### Data records
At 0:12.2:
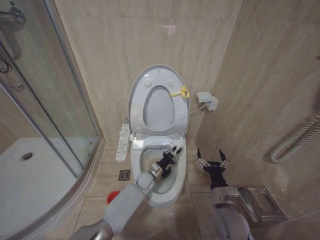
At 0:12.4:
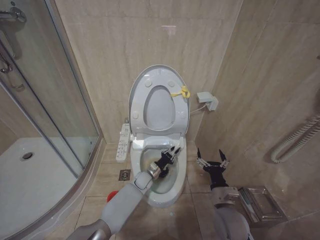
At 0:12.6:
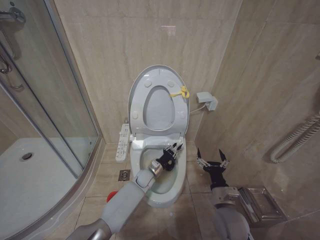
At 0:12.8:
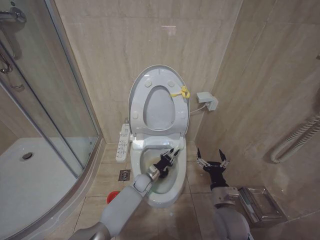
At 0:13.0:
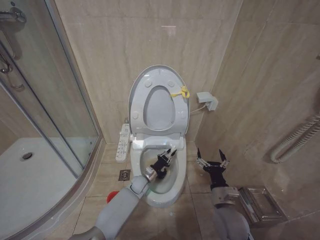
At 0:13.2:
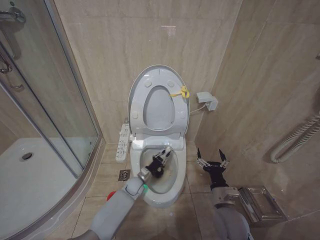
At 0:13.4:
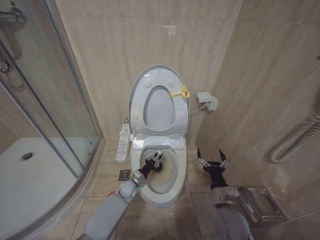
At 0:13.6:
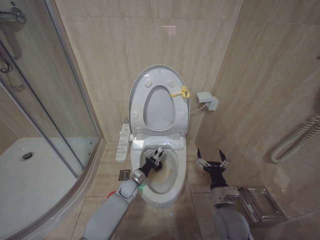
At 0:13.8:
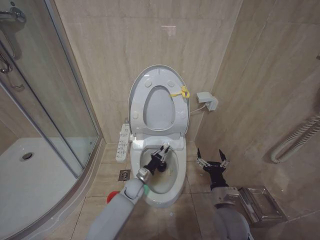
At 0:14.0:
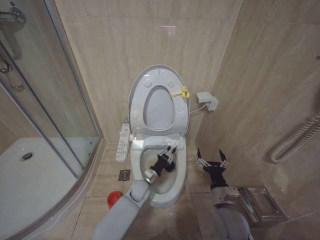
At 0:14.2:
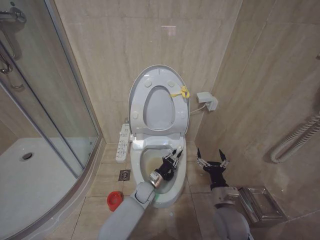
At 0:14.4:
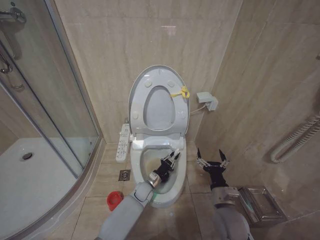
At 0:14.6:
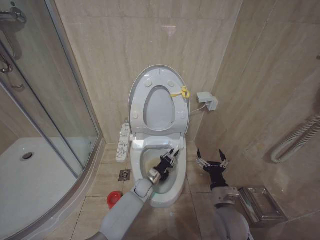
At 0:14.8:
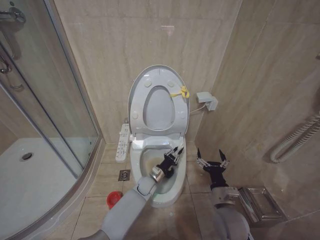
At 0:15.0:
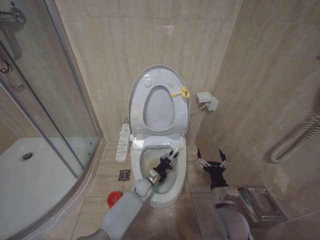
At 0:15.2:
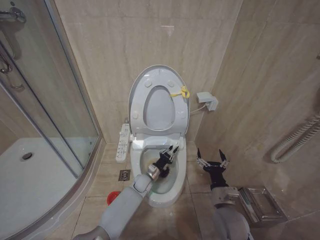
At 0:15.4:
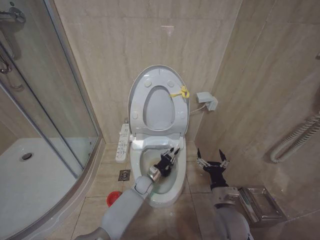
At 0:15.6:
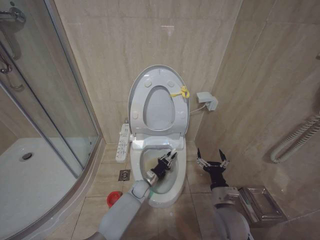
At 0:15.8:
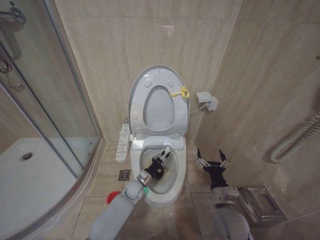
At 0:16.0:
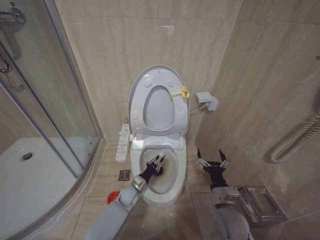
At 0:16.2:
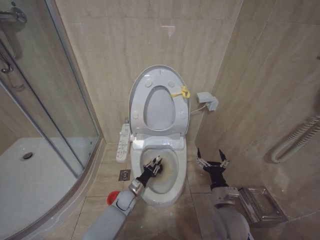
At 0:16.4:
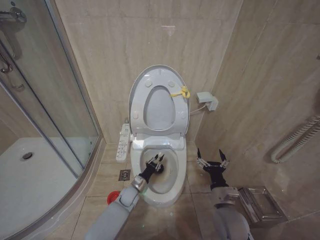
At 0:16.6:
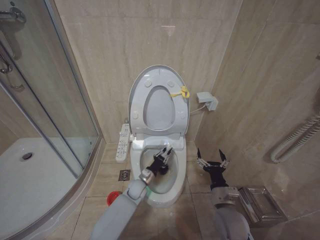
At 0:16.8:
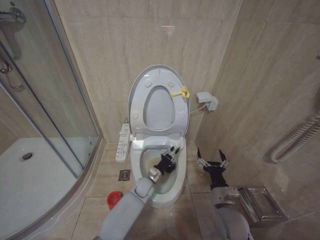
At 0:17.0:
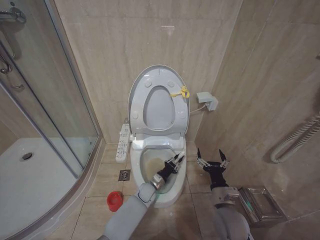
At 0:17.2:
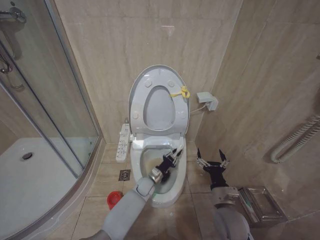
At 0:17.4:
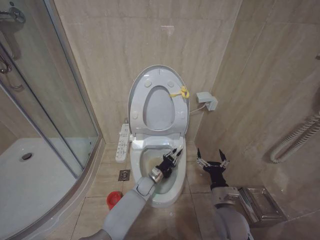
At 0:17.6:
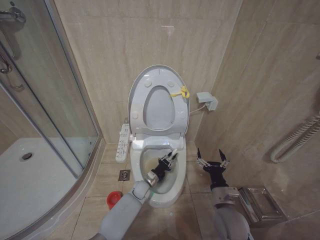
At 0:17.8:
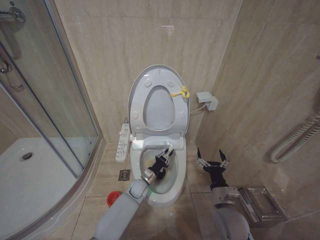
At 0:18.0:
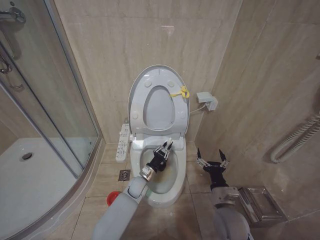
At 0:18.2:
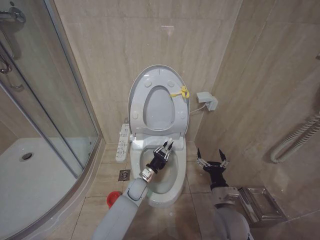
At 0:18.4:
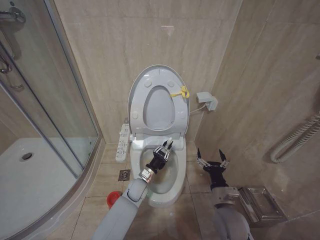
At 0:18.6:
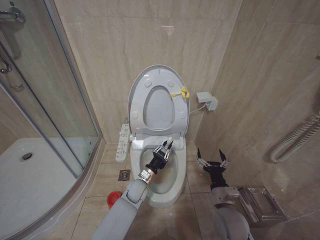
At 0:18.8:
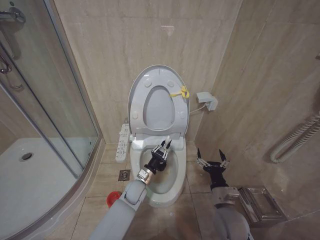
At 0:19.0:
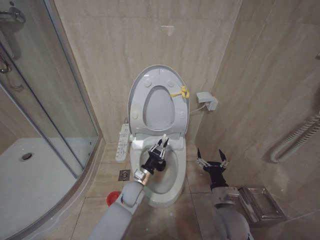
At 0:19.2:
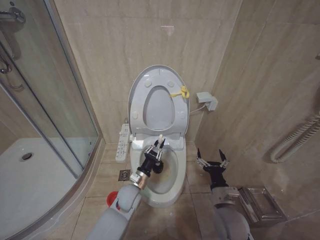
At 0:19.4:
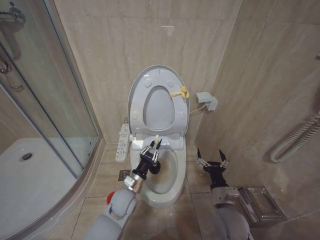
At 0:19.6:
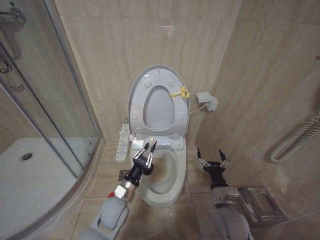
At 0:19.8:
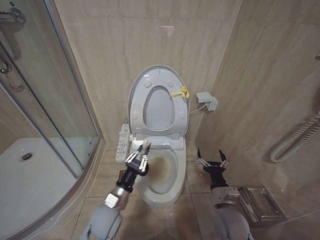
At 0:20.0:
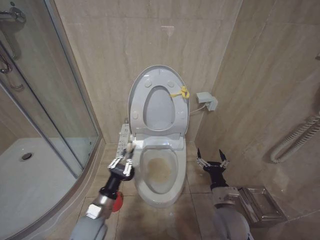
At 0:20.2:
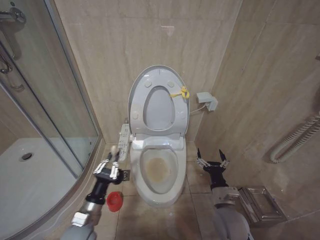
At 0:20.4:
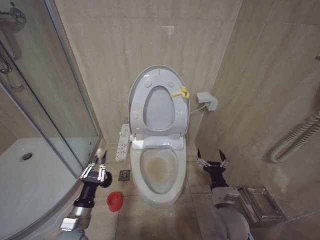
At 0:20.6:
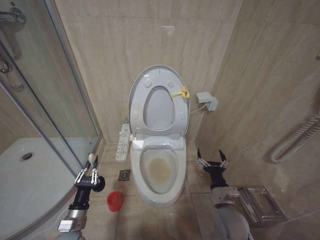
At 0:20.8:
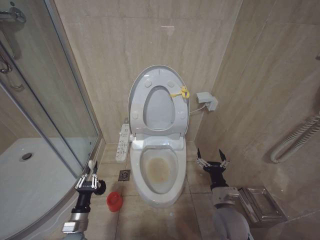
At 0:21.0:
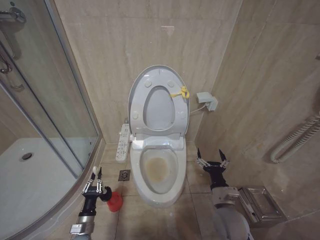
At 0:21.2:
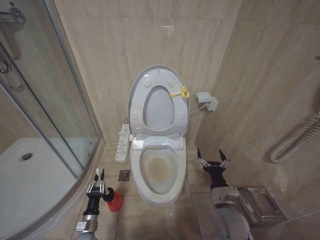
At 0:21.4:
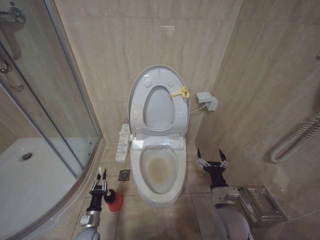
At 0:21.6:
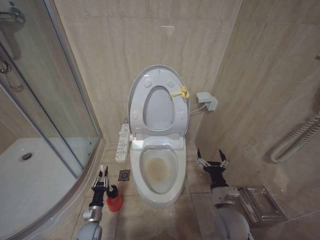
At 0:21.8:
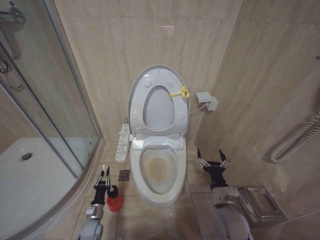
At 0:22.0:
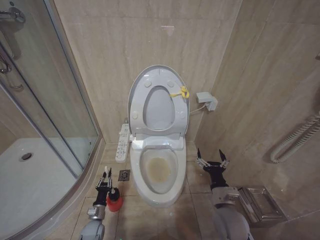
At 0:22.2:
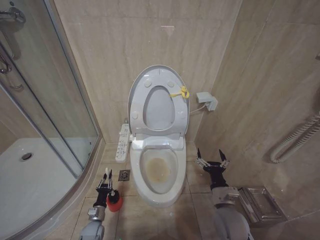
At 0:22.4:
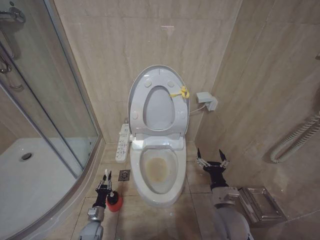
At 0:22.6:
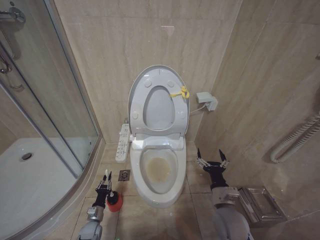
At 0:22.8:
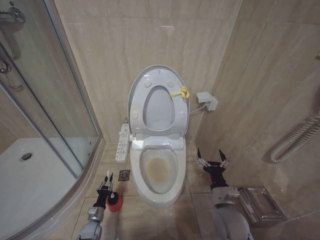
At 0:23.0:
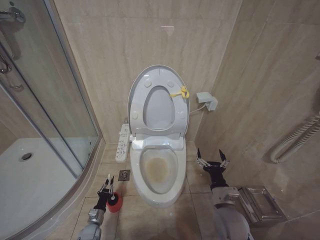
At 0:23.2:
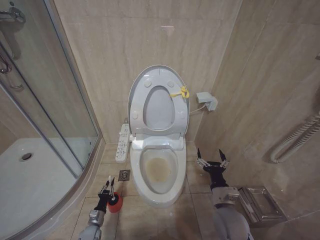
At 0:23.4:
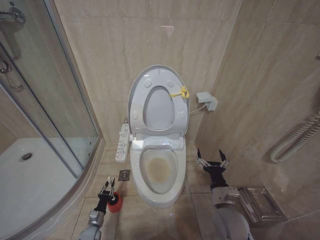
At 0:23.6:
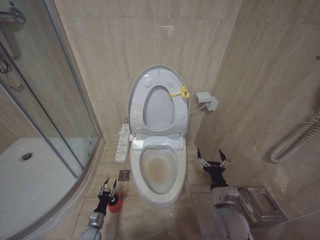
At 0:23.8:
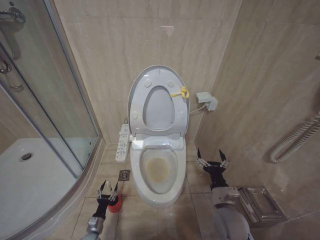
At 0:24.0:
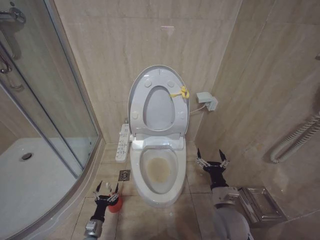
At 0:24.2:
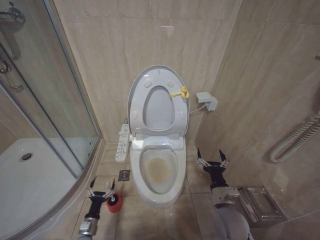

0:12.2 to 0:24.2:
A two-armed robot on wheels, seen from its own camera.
Task of the whole recording: Open the toilet lid, clean the toilet bowl with a toilet brush, close the toilet lid, and flush.
0:12.2 to 0:13.8: The left gripper travels to the left by approximately 5 cm.
0:13.8 to 0:15.2: The left gripper ends up some 5 cm from where it was.
0:16.6 to 0:18.2: The left gripper reaches approximately 10 cm to the right, then returns.
0:18.2 to 0:19.8: The left gripper is displaced backward, upward and to the left by approximately 20 cm.
0:19.8 to 0:21.2: The left gripper is displaced downward and to the left by about 20 cm.
0:21.2 to 0:22.6: The left gripper heads downward and forward, covering about 10 cm.
0:22.6 to 0:24.2: The left gripper shifts roughly 5 cm backward, and opens.

### What to work on
Repeat each entry exactly. Pictures do not belong in the copy.

### Result of this exercise
At 0:12.2:
At 0:12.4:
At 0:12.6:
At 0:12.8:
At 0:13.0:
At 0:13.2:
At 0:13.4:
At 0:13.6:
At 0:13.8:
At 0:14.0:
At 0:14.2:
At 0:14.4:
At 0:14.6:
At 0:14.8:
At 0:15.0:
At 0:15.2:
At 0:15.4:
At 0:15.6:
At 0:15.8:
At 0:16.0:
At 0:16.2:
At 0:16.4:
At 0:16.6:
At 0:16.8:
At 0:17.0:
At 0:17.2:
At 0:17.4:
At 0:17.6:
At 0:17.8:
At 0:18.0:
At 0:18.2:
At 0:18.4:
At 0:18.6:
At 0:18.8:
At 0:19.0:
At 0:19.2:
At 0:19.4:
At 0:19.6:
At 0:19.8:
At 0:20.0:
At 0:20.2:
At 0:20.4:
At 0:20.6:
At 0:20.8:
At 0:21.0:
At 0:21.2:
At 0:21.4:
At 0:21.6:
At 0:21.8:
At 0:22.0:
At 0:22.2:
At 0:22.4:
At 0:22.6:
At 0:22.8:
At 0:23.0:
At 0:23.2:
At 0:23.4:
At 0:23.6:
At 0:23.8:
At 0:24.0:
At 0:24.2:

0:12.2 to 0:24.2:
A two-armed robot on wheels, seen from its own camera.
Task of the whole recording: Open the toilet lid, clean the toilet bowl with a toilet brush, close the toilet lid, and flush.
0:12.2 to 0:13.8: The left gripper travels to the left by approximately 5 cm.
0:13.8 to 0:15.2: The left gripper ends up some 5 cm from where it was.
0:16.6 to 0:18.2: The left gripper reaches approximately 10 cm to the right, then returns.
0:18.2 to 0:19.8: The left gripper is displaced backward, upward and to the left by approximately 20 cm.
0:19.8 to 0:21.2: The left gripper is displaced downward and to the left by about 20 cm.
0:21.2 to 0:22.6: The left gripper heads downward and forward, covering about 10 cm.
0:22.6 to 0:24.2: The left gripper shifts roughly 5 cm backward, and opens.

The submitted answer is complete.